Este artículo fue redactado y avalado por la farmacéutica María Vijande
· 20 junio, 2019
La tromboembolia pulmonar es una enfermedad grave que puede llegar a conducir a la muerte del paciente. Por ello, es importante llevar una vida sana y evitar el hábito tabáquico.

La tromboembolia pulmonar o embolia pulmonar es una enfermedad potencialmente mortal que se produce cuando partes de un trombo se desprenden desde alguna parte del territorio venoso, migran y se enclavan en las arterias pulmonares.

En la mayoría de las ocasiones, los émbolos proceden de una trombosis venosa profunda de las extremidades.

De todo ello resulta un defecto de oxígeno en los pulmones. Es una de las principales emergencias médicas.
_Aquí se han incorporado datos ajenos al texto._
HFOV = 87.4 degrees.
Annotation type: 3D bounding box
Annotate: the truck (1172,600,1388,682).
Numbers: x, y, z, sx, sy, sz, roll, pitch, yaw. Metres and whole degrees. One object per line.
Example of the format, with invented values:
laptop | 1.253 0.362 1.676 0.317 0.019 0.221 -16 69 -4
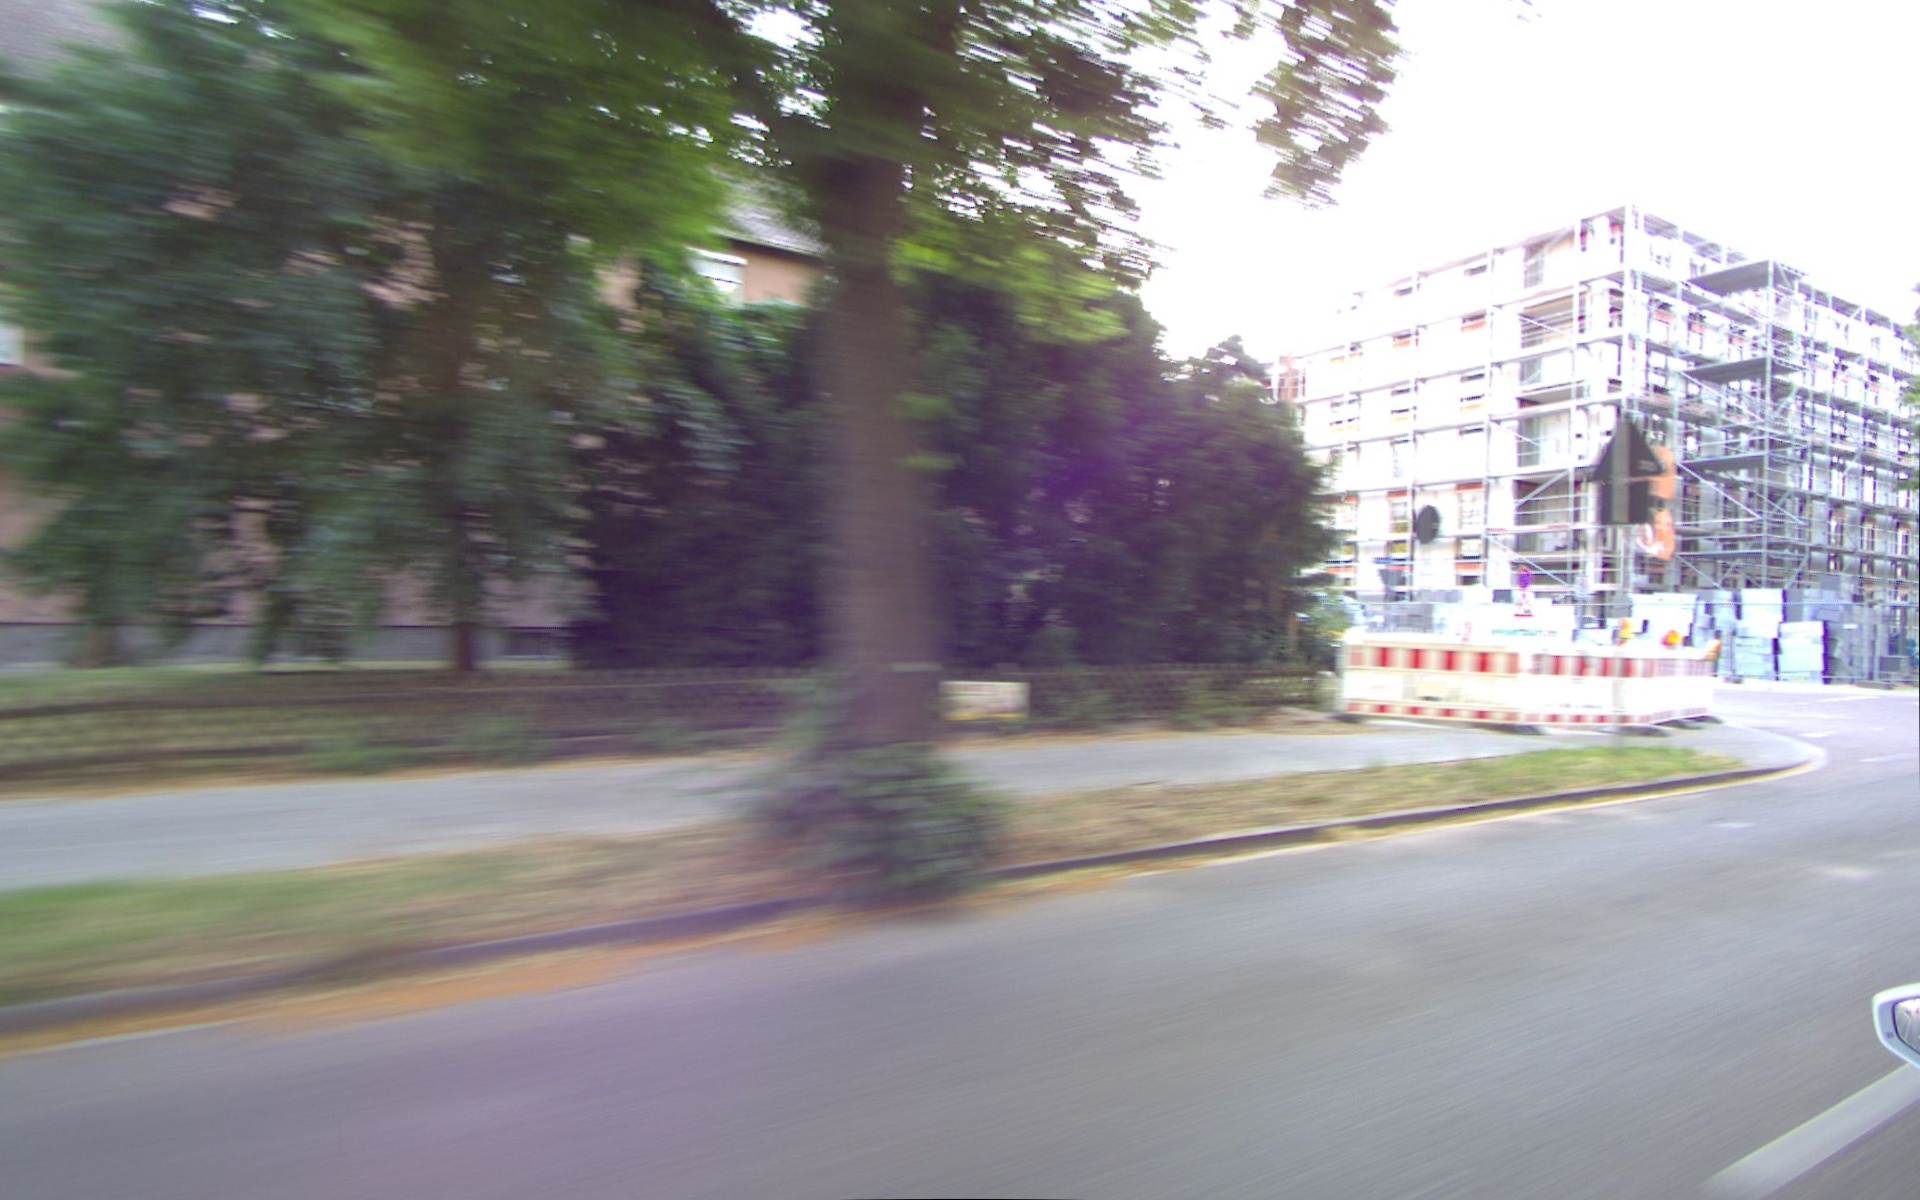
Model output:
truck | 8.315 1.045 26.749 2.017 1.938 5.617 3 -2 -29

Además, su diagnóstico no es fácil, pues existen pocos signos que puedan orientar al médico.

Se estima que la incidencia de la tromboembolia pulmonar es de 1 caso entre 1000 habitantes al año, aunque es probable que la cifra real sea mayor. Según los datos del Ministerio de Sanidad, en España, durante el año 2010 se diagnosticaron 22.250 casos con una mortalidad durante el ingreso del 8-9%.

Causas de la tromboembolia pulmonar

tromboembolia pulmonar

En la mayor parte de los casos, aproximadamente un 95% de ellos, el trombo o coágulo se forma en las venas de los miembros inferiores. Después, migra hacia la arteria pulmonar.
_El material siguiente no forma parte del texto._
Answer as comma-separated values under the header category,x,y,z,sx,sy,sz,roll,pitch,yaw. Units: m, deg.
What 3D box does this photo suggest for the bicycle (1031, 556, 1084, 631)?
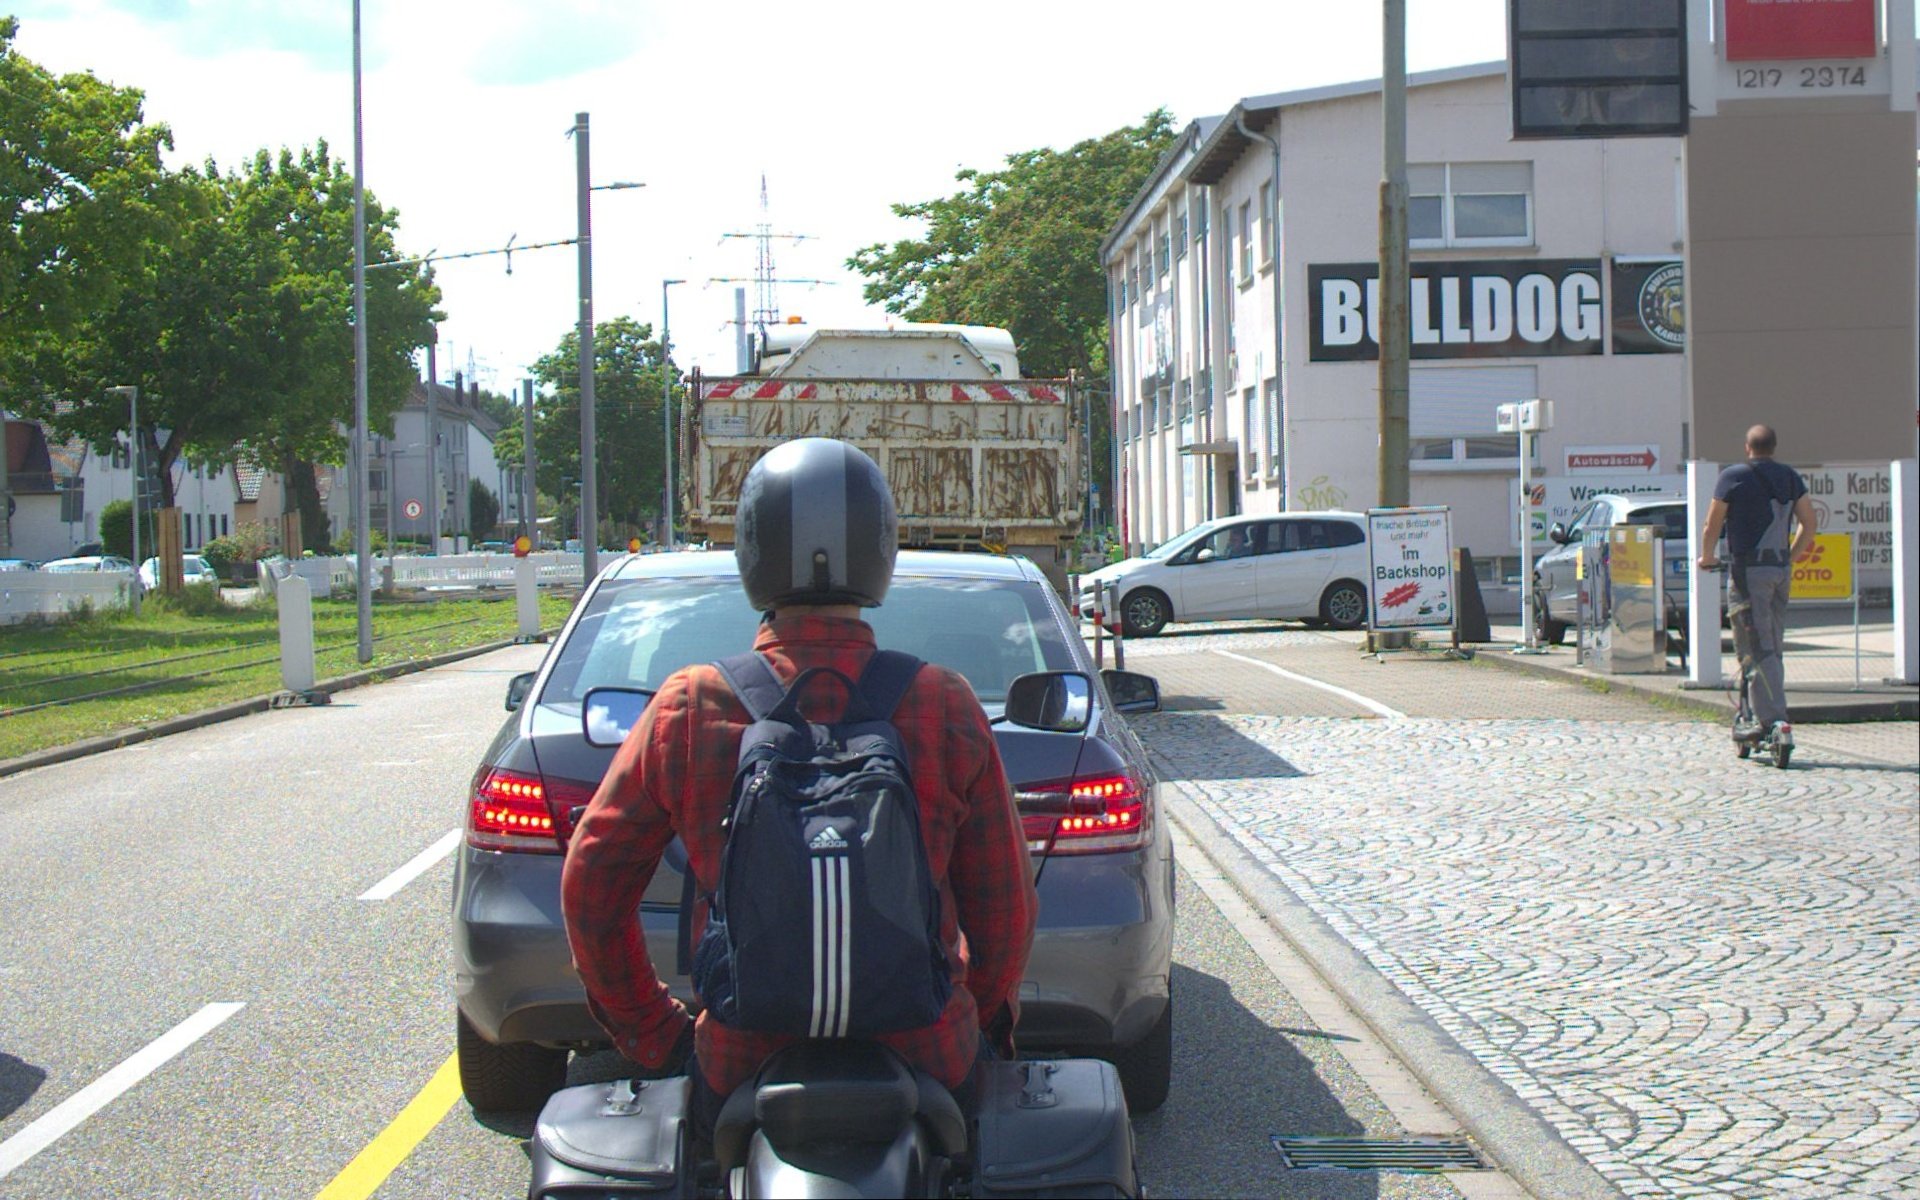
category,x,y,z,sx,sy,sz,roll,pitch,yaw
bicycle,1.880,-0.129,65.782,0.693,1.357,2.418,-1,1,9

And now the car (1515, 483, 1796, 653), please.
category,x,y,z,sx,sy,sz,roll,pitch,yaw
car,7.310,-0.346,36.544,1.959,1.643,4.000,-2,1,-3

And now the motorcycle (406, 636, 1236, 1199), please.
category,x,y,z,sx,sy,sz,roll,pitch,yaw
motorcycle,-0.181,0.756,5.258,0.939,1.316,2.645,1,1,-1

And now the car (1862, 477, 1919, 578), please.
category,x,y,z,sx,sy,sz,roll,pitch,yaw
car,17.225,-1.252,56.940,3.987,1.643,1.966,-2,1,-1

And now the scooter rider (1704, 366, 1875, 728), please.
category,x,y,z,sx,sy,sz,roll,pitch,yaw
scooter rider,4.603,-0.295,19.120,0.717,1.956,0.785,-1,1,-1

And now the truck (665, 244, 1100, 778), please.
category,x,y,z,sx,sy,sz,roll,pitch,yaw
truck,-0.487,-0.652,26.047,2.610,3.245,9.182,-2,1,0

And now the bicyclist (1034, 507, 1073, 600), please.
category,x,y,z,sx,sy,sz,roll,pitch,yaw
bicyclist,1.784,-0.893,65.657,0.671,1.738,0.813,-1,1,0

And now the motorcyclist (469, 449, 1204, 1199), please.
category,x,y,z,sx,sy,sz,roll,pitch,yaw
motorcyclist,-0.173,0.607,5.074,0.939,1.609,1.205,1,1,-1

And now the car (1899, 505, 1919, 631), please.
category,x,y,z,sx,sy,sz,roll,pitch,yaw
car,11.814,-0.375,37.279,1.959,1.415,4.000,-2,1,-3

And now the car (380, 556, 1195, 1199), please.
category,x,y,z,sx,sy,sz,roll,pitch,yaw
car,-0.410,0.610,9.730,1.821,1.419,4.000,0,1,-1

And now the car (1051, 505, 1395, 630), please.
category,x,y,z,sx,sy,sz,roll,pitch,yaw
car,3.581,-0.450,47.201,4.329,1.546,1.950,-2,1,-8

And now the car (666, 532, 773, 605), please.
category,x,y,z,sx,sy,sz,roll,pitch,yaw
car,-4.840,-0.639,69.702,1.846,1.382,4.344,-2,1,0

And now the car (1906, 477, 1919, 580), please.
category,x,y,z,sx,sy,sz,roll,pitch,yaw
car,17.263,-1.201,54.395,3.987,1.643,1.966,-2,1,-1

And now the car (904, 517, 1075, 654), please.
category,x,y,z,sx,sy,sz,roll,pitch,yaw
car,0.313,-0.198,38.922,1.821,1.459,4.000,0,1,0

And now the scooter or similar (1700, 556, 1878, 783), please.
category,x,y,z,sx,sy,sz,roll,pitch,yaw
scooter or similar,4.571,0.359,19.031,0.540,1.191,1.611,-2,1,-1

Por otra parte, también puede tratarse de aire o grasa. En el primer caso estamos frente a un émbolo gaseoso y en el segundo caso ante un émbolo graso. Esta oclusión afecta principalmente a los pulmones y al corazón:

  • Una zona de los pulmones no recibe sangre venosa, que es pobre en oxígeno, y, por lo tanto, no podrá oxigenarla. Este hecho repercutirá negativamente en el oxígeno que posteriormente llegará al resto de órganos y tejidos del paciente.
  • El corazón seguirá bombeando sangre hacia los pulmones pero con la oclusión encontrará un obstáculo. A su vez, la presión aumentará dentro de la arteria pulmonar, debilitando así el ventrículo derecho del corazón, que es la cavidad cardíaca que envía sangre sin oxígeno a los pulmones.

Factores de riesgo

Existen varios factores de riesgo que favorecen la aparición de la tromboembolia pulmonar. Los más importante son:

  • Fracturas de extremidades inferiores o cirugías recientes.
  • Reposo en la cama o inmovilización prolongados.
  • Viajes largos (más de 8 horas).
  • Estados de hipercoagulabilidad.
  • Cáncer y tratamiento con quimioterapia.
  • Obesidad.
  • Hábito tabáquico.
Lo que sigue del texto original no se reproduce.